Although the noise component is identified using the MC procedure, further separation of this noise as external or due to some internal cardiac process is not feasible at this stage. Assuming that all noise is internal, the AR(1) coefficient evaluated after removing only the linear trend from the data gives values of 0.493, 0.145, and −0.099 for the N, CHF and AF records, respectively. This shows that the correlation amongst the neighboring samples is the greatest for the N record with diminished correlations for the diseased subjects. Correlation is the least for the AF record indicating that it is more random. Since we do not expect all noise to be internal, another evaluation is carried out in the limit where all noise is external. In this case the linear trend and all noise are removed from the data sets and the AR(1) coefficient evaluated. The values for the AR(1) coefficient for the N, CHF, and AF records are 0.621, 0.231, and −0.101, respectively. Again the neighboring correlations are in the order N > CHF > AF, with the AF record exhibiting the most random behavior. The presence of strong correlations in the healthy record and the diminished correlations amongst the diseased subjects is in agreement with the results of Costa et al. [18] showing that RR interval times of a healthy subject is more complex compared to those of a diseased subject.
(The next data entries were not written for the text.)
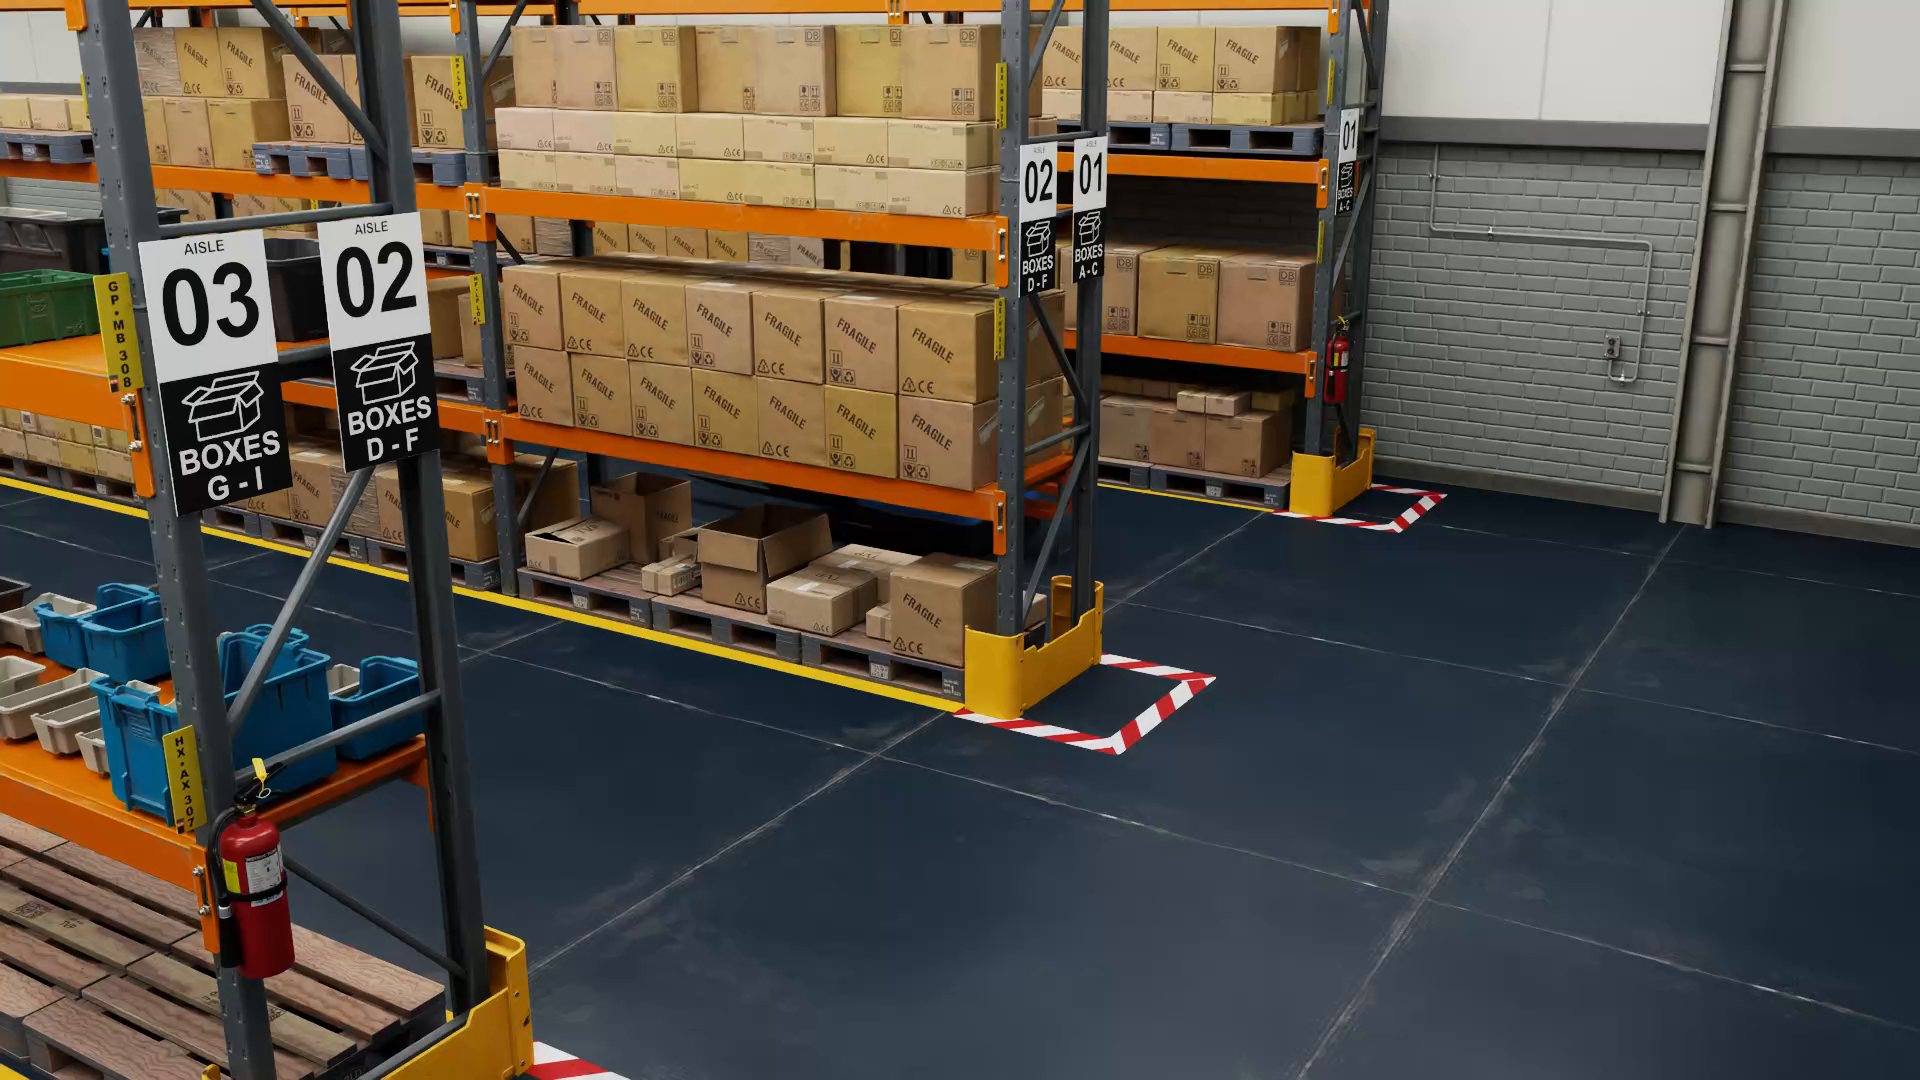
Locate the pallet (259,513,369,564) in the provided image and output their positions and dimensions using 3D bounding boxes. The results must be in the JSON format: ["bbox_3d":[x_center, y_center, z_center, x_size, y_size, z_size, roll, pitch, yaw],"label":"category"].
[{"bbox_3d":[-4.645,-0.132,12.954,1.213,0.211,1.003,10,20,30],"label":"pallet"}]

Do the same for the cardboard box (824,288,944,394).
[{"bbox_3d":[-0.434,-1.161,9.650,0.500,0.500,0.500,11,20,32],"label":"cardboard box"}]

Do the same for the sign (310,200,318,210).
[{"bbox_3d":[-7.393,-3.890,19.037,0.005,0.325,0.100,10,20,30],"label":"sign"}]

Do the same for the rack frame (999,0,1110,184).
[{"bbox_3d":[0.520,-3.429,8.687,0.127,3.000,1.000,10,20,30],"label":"rack frame"}]

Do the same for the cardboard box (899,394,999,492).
[{"bbox_3d":[-0.004,-0.607,9.547,0.500,0.500,0.500,11,20,32],"label":"cardboard box"}]

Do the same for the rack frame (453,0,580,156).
[{"bbox_3d":[-2.888,-4.037,10.690,0.127,3.000,1.000,10,20,30],"label":"rack frame"}]

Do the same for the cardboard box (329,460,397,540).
[{"bbox_3d":[-4.302,-0.339,12.381,0.500,0.500,0.500,10,20,31],"label":"cardboard box"}]

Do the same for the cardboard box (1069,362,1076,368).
[{"bbox_3d":[0.940,-1.522,15.194,0.250,0.149,0.380,9,19,28],"label":"cardboard box"}]

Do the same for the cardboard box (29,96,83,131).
[{"bbox_3d":[-7.169,-3.470,13.519,0.500,0.250,0.500,11,20,32],"label":"cardboard box"}]

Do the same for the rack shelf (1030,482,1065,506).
[{"bbox_3d":[0.590,-0.390,12.333,0.480,0.148,0.258,11,20,33],"label":"rack shelf"}]

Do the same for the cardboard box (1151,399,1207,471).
[{"bbox_3d":[2.034,-0.949,14.422,0.500,0.500,0.700,10,20,30],"label":"cardboard box"}]

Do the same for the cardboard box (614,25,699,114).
[{"bbox_3d":[-1.673,-2.878,10.143,0.500,0.500,0.700,10,20,30],"label":"cardboard box"}]

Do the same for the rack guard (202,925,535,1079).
[{"bbox_3d":[-2.048,1.864,5.884,0.348,0.500,1.175,10,20,30],"label":"rack guard"}]

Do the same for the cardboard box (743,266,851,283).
[{"bbox_3d":[-1.026,-1.450,10.600,0.500,0.500,0.500,10,20,30],"label":"cardboard box"}]

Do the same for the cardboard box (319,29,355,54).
[{"bbox_3d":[-7.384,-5.728,19.489,0.500,0.500,0.500,11,20,31],"label":"cardboard box"}]

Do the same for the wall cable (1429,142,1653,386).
[{"bbox_3d":[4.696,-2.312,13.582,1.851,1.984,0.084,10,20,30],"label":"wall cable"}]

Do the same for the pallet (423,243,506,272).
[{"bbox_3d":[-5.416,-3.202,18.592,1.213,0.211,1.003,10,20,30],"label":"pallet"}]

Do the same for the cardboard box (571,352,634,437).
[{"bbox_3d":[-2.158,-0.993,10.816,0.500,0.500,0.500,11,20,31],"label":"cardboard box"}]

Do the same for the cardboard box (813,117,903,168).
[{"bbox_3d":[-0.477,-2.252,9.372,0.500,0.250,0.500,10,20,30],"label":"cardboard box"}]

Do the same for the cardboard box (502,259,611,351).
[{"bbox_3d":[-2.634,-1.552,10.937,0.500,0.500,0.500,11,20,31],"label":"cardboard box"}]

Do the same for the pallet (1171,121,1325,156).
[{"bbox_3d":[2.472,-3.289,13.540,1.213,0.211,1.003,10,20,30],"label":"pallet"}]

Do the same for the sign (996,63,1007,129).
[{"bbox_3d":[0.213,-2.283,8.552,0.005,0.325,0.100,10,20,30],"label":"sign"}]

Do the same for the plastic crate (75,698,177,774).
[{"bbox_3d":[-2.865,0.686,5.813,0.243,0.136,0.396,10,20,30],"label":"plastic crate"}]

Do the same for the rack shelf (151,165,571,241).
[{"bbox_3d":[-4.592,-2.562,12.232,4.000,0.370,1.077,10,20,30],"label":"rack shelf"}]

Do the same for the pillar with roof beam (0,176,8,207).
[{"bbox_3d":[-16.841,-7.044,20.589,0.400,9.000,9.100,10,20,30],"label":"pillar with roof beam"}]

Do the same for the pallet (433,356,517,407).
[{"bbox_3d":[-3.512,-1.224,12.079,1.213,0.211,1.003,10,20,30],"label":"pallet"}]

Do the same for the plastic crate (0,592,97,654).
[{"bbox_3d":[-3.842,0.347,6.928,0.466,0.136,0.293,10,20,30],"label":"plastic crate"}]

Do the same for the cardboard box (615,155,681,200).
[{"bbox_3d":[-1.754,-2.242,10.198,0.500,0.250,0.500,10,20,30],"label":"cardboard box"}]

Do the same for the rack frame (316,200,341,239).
[{"bbox_3d":[-7.116,-3.611,19.609,0.127,3.000,1.000,10,20,30],"label":"rack frame"}]

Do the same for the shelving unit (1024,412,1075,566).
[{"bbox_3d":[0.590,-0.455,12.314,0.503,1.200,0.258,11,20,33],"label":"shelving unit"}]

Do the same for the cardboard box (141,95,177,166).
[{"bbox_3d":[-5.907,-3.200,12.924,0.500,0.500,0.910,10,20,30],"label":"cardboard box"}]

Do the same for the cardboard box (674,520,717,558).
[{"bbox_3d":[-1.615,0.040,11.459,0.500,0.311,0.500,10,20,30],"label":"cardboard box"}]

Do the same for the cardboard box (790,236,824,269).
[{"bbox_3d":[-1.264,-2.677,15.815,0.500,0.500,0.500,10,20,31],"label":"cardboard box"}]

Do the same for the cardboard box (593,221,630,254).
[{"bbox_3d":[-3.427,-3.065,17.093,0.500,0.500,0.500,11,20,32],"label":"cardboard box"}]

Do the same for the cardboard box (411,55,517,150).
[{"bbox_3d":[-3.279,-2.994,11.348,0.600,0.600,0.600,8,19,25],"label":"cardboard box"}]

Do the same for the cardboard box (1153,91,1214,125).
[{"bbox_3d":[1.903,-3.523,13.520,0.500,0.250,0.500,9,19,28],"label":"cardboard box"}]

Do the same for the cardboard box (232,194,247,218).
[{"bbox_3d":[-8.532,-4.057,20.010,0.500,0.500,0.500,9,19,28],"label":"cardboard box"}]

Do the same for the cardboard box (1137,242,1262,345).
[{"bbox_3d":[2.044,-2.113,14.159,0.700,0.700,0.980,10,20,30],"label":"cardboard box"}]

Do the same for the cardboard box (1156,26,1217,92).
[{"bbox_3d":[1.922,-3.880,13.405,0.500,0.500,0.500,11,20,32],"label":"cardboard box"}]

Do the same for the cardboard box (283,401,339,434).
[{"bbox_3d":[-5.327,-1.057,13.454,0.500,0.250,0.500,11,20,32],"label":"cardboard box"}]

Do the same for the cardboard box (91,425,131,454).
[{"bbox_3d":[-6.872,-0.948,13.884,0.500,0.311,0.500,11,20,31],"label":"cardboard box"}]

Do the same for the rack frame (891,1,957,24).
[{"bbox_3d":[-0.299,-5.265,14.731,0.127,3.000,1.000,10,20,30],"label":"rack frame"}]

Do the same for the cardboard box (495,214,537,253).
[{"bbox_3d":[-4.603,-3.409,18.012,0.500,0.500,0.700,8,19,25],"label":"cardboard box"}]

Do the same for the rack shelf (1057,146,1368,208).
[{"bbox_3d":[1.405,-3.181,14.270,4.000,0.370,1.077,10,20,30],"label":"rack shelf"}]

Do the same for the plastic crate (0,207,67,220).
[{"bbox_3d":[-3.802,-1.124,6.465,0.530,0.282,0.437,10,20,30],"label":"plastic crate"}]

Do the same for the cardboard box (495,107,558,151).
[{"bbox_3d":[-2.604,-2.634,10.629,0.500,0.250,0.500,10,20,30],"label":"cardboard box"}]

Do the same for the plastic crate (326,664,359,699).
[{"bbox_3d":[-2.343,0.577,6.172,0.298,0.136,0.250,10,20,30],"label":"plastic crate"}]

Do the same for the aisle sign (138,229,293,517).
[{"bbox_3d":[-2.167,-0.493,4.870,0.004,0.787,0.394,10,20,30],"label":"aisle sign"}]

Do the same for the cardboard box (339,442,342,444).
[{"bbox_3d":[-4.486,-0.549,13.070,0.500,0.500,0.500,9,19,28],"label":"cardboard box"}]

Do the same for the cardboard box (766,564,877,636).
[{"bbox_3d":[-0.866,0.373,10.466,0.500,0.250,0.500,10,20,30],"label":"cardboard box"}]

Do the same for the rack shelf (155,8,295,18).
[{"bbox_3d":[-8.820,-6.440,19.844,4.000,0.370,1.077,10,20,30],"label":"rack shelf"}]

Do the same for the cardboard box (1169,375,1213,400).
[{"bbox_3d":[2.027,-1.329,14.556,0.250,0.149,0.380,10,20,31],"label":"cardboard box"}]

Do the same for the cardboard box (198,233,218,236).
[{"bbox_3d":[-8.964,-3.773,20.364,0.500,0.250,0.500,10,20,31],"label":"cardboard box"}]

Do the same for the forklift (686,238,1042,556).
[{"bbox_3d":[-0.868,-1.577,13.030,3.031,2.935,1.130,11,20,33],"label":"forklift"}]

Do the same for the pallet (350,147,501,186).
[{"bbox_3d":[-3.407,-2.629,11.537,1.003,0.211,1.213,10,20,30],"label":"pallet"}]

The procedure outlined above using SSA does not discard or modify any samples in the record. It merely separates into different categories of nonlinear trend, signal, and noise. The nonlinear trend comprises a part the low frequency signal component which is added to the linear trend to fit the observed trend in to the measured data. The noise component is identified using a Monte Carlo procedure. Such an identification procedure for the noise component is an important feature of SSA. Since no part of the raw series is modified, with further available knowledge of external noise sources, it may be possible to separate noise components that are external from those that are heart related. This however is not carried here, since information about the external noise is unavailable. Although the example used in the illustration here has used a moderately small sample size, the method is not limited by such considerations. The choice of a moderate sample was made here merely from limitations to present details of such data in text. The division of a large sample into moderate subsets and performing SSA on them and then combining the results of the subsets is a computationally efficient procedure that can be adopted for large data sets.

4. Conclusion

A new preprocessing procedure in the analysis of cardiac RR interval time series using SSA is described. A Monte Carlo test is further carried to identify the noise component present in the time series. The latter procedure involves testing whether the SSA modes can be generated by a noise process, leading to a separation of the noise modes from the signal. Such an identification technique for the noise component is a novel feature of this preprocessing procedure. The procedure does not discard or modify any sample in the record but merely separates the time series into a trend, signal, and noise, allowing further analysis of these components. The procedure is not limited to the length of the record and could be applied to nonstationary data. Another feature of this procedure is the basis functions used in the SSA analysis which are not chosen a priori as in wavelet analysis but instead are dependent on the data set used. The method adopted here to construct the trend and the signal is an alternate procedure to the use of wavelet analysis and the use of impulse rejection filter [11]. The method is illustrated using as an example RR interval time series of a healthy, congestive heart failure, and atrial fibrillation subject.